(Data supplied)

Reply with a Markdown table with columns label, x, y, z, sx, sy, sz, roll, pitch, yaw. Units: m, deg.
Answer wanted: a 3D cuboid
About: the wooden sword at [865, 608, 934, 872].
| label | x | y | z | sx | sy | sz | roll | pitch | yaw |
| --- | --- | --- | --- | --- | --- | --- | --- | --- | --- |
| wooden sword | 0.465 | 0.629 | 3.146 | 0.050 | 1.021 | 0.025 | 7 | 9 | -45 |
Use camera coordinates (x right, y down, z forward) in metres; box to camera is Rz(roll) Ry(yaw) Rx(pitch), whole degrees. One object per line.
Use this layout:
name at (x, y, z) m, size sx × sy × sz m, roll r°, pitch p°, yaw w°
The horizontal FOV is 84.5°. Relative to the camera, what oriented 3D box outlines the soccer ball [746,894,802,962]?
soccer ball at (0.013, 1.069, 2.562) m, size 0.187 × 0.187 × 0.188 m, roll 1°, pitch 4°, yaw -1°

(End Data supplied)
(Data supplied)

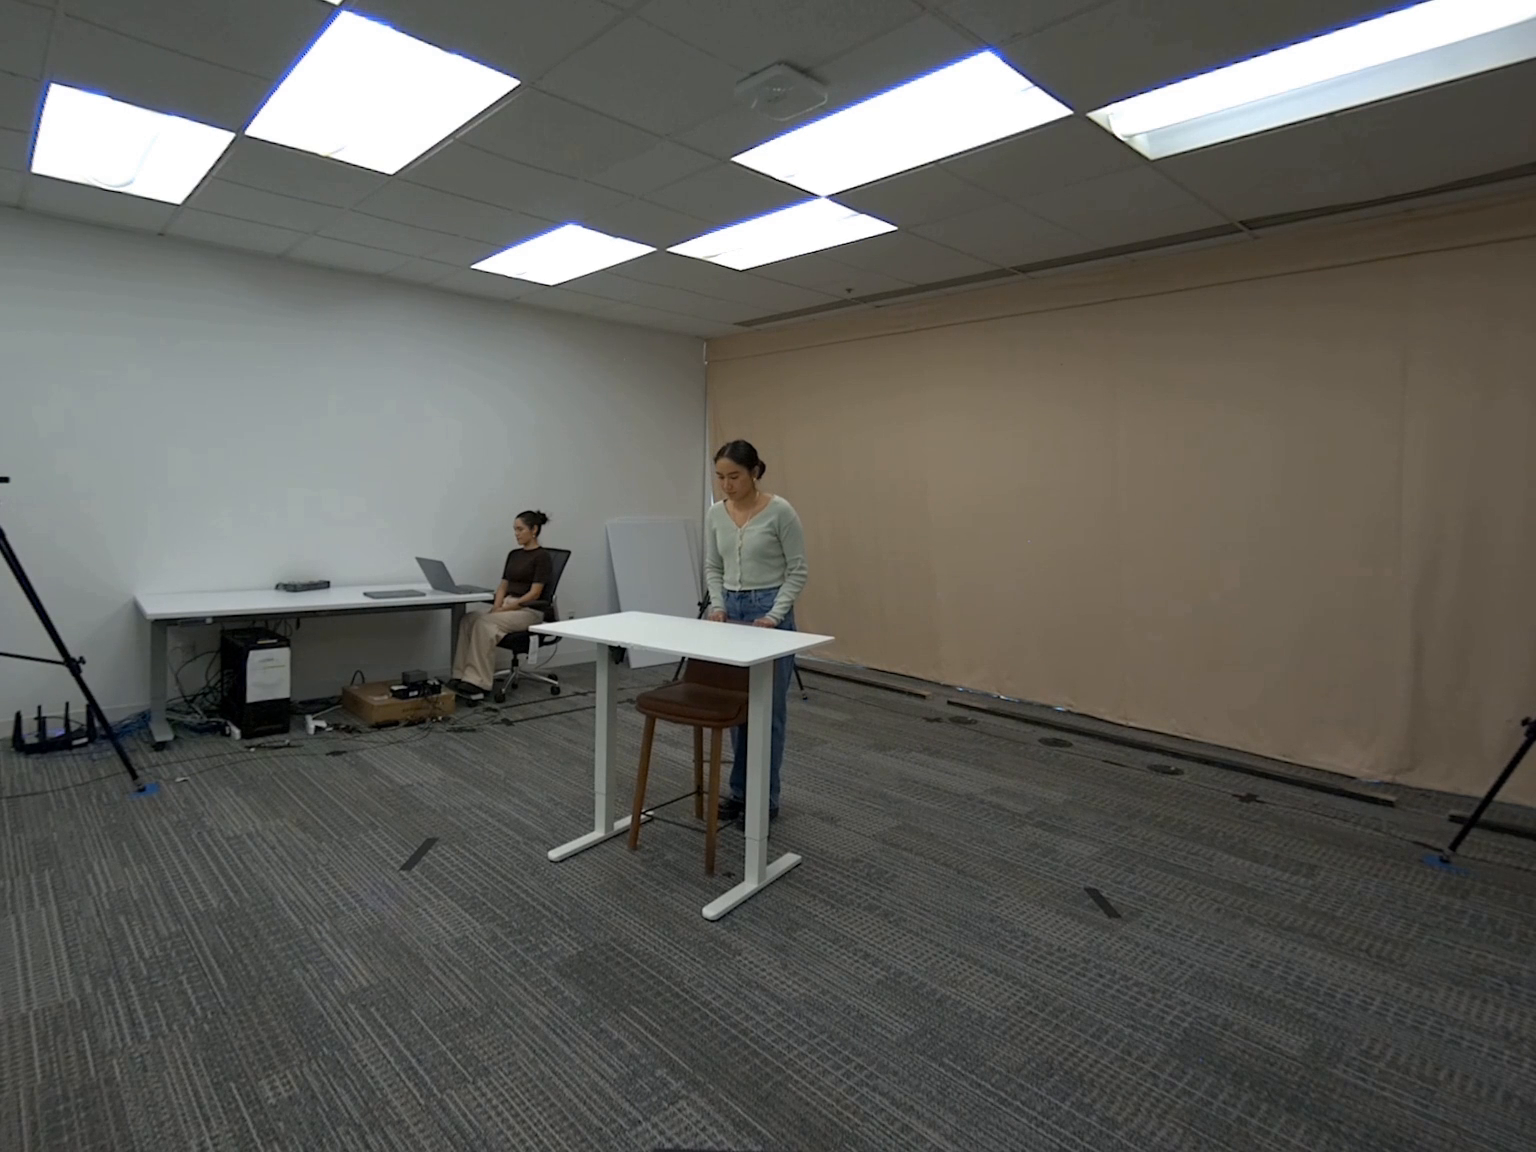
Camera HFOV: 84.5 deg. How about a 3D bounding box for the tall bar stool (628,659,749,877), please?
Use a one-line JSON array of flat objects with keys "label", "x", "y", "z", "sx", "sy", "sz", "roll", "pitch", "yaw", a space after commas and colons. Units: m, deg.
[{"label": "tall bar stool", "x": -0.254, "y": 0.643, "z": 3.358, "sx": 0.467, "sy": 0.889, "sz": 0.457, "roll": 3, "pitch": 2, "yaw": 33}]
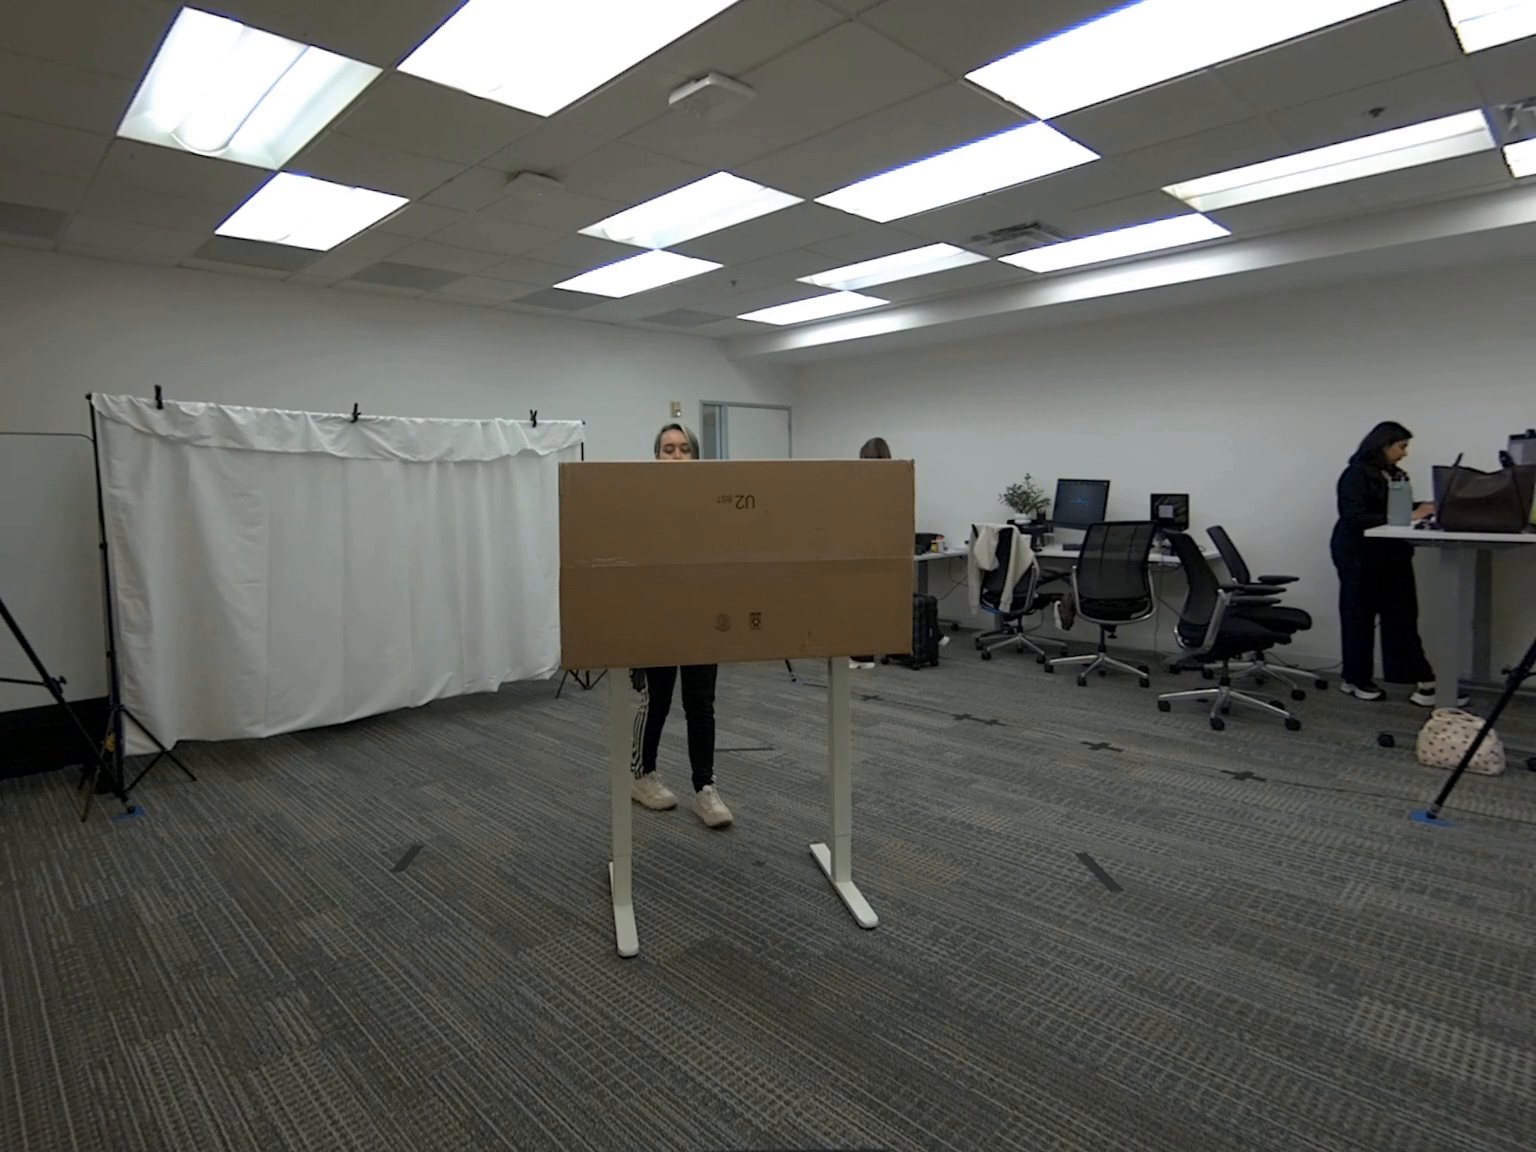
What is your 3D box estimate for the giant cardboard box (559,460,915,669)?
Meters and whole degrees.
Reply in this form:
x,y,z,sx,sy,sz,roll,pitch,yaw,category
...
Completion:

(End Data supplied)
(Data supplied)

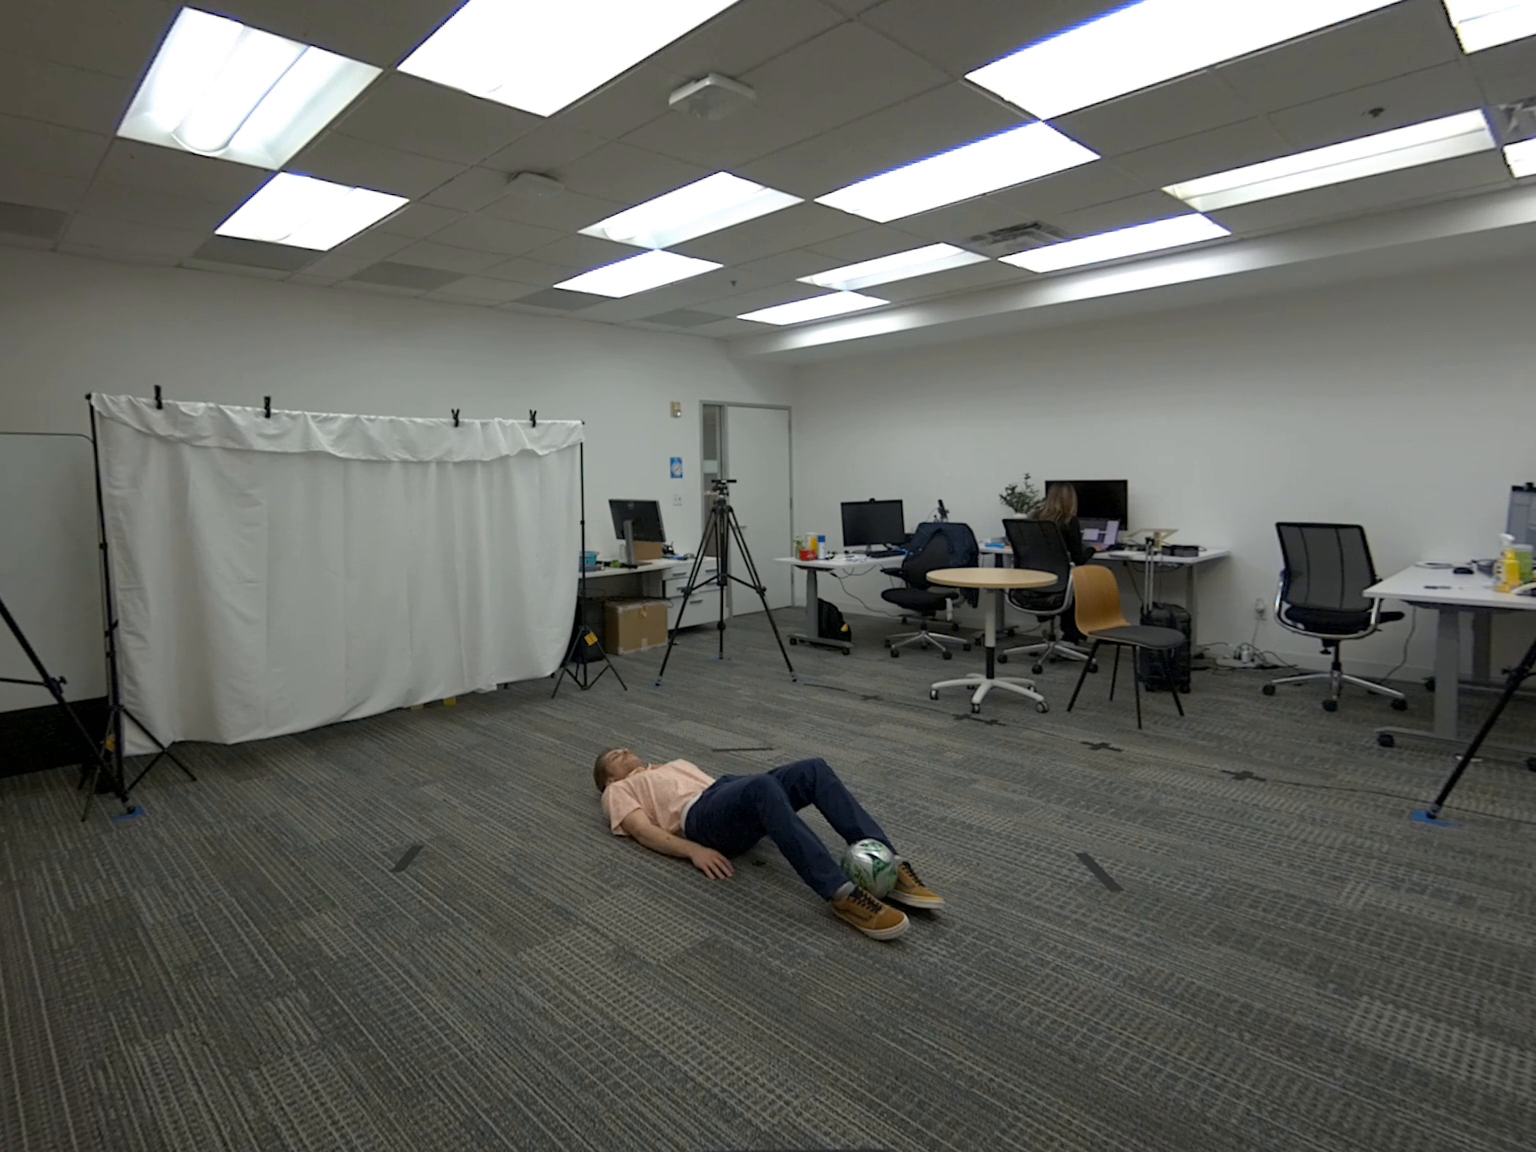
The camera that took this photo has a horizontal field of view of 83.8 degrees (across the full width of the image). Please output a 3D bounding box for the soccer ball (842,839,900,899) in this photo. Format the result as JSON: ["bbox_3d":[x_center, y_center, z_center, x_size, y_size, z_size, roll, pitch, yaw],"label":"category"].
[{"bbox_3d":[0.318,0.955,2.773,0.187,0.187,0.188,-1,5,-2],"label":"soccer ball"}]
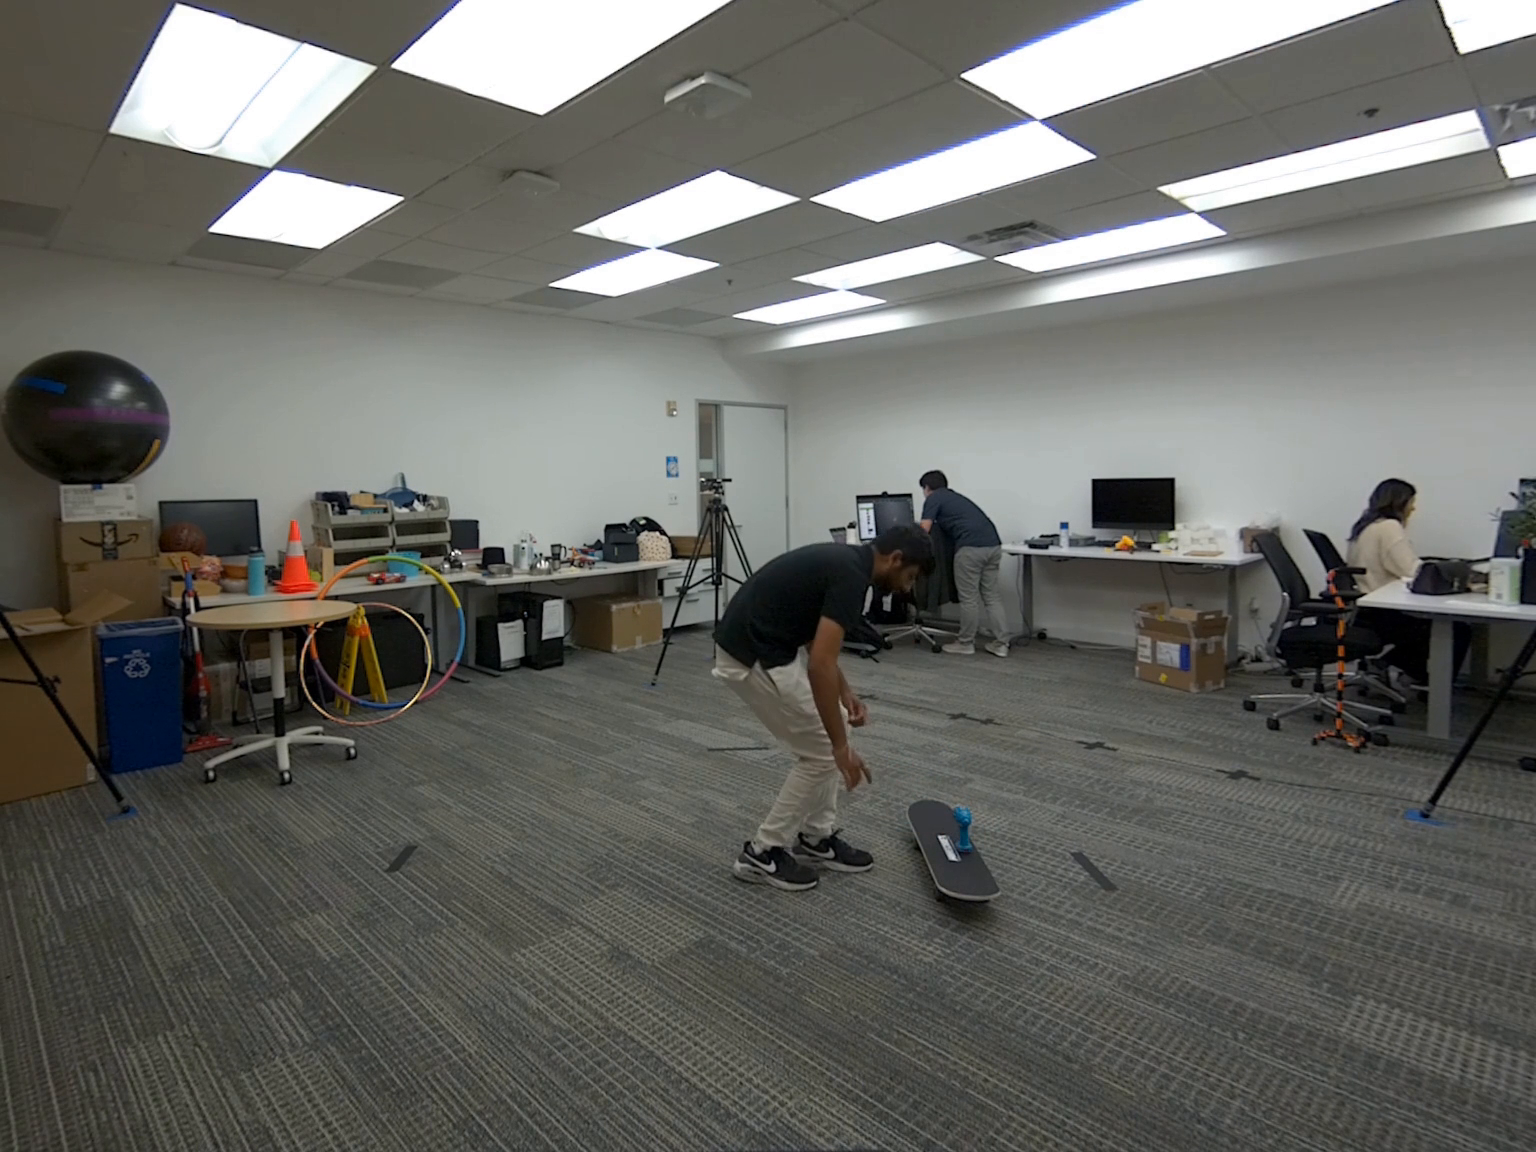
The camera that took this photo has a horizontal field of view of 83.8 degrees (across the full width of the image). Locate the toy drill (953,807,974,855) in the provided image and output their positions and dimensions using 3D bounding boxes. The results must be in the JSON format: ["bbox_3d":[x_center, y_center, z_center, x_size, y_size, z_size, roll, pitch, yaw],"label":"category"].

(End Data supplied)

Among the lines of the listing above, count those that include "Reply" and give only the total.

2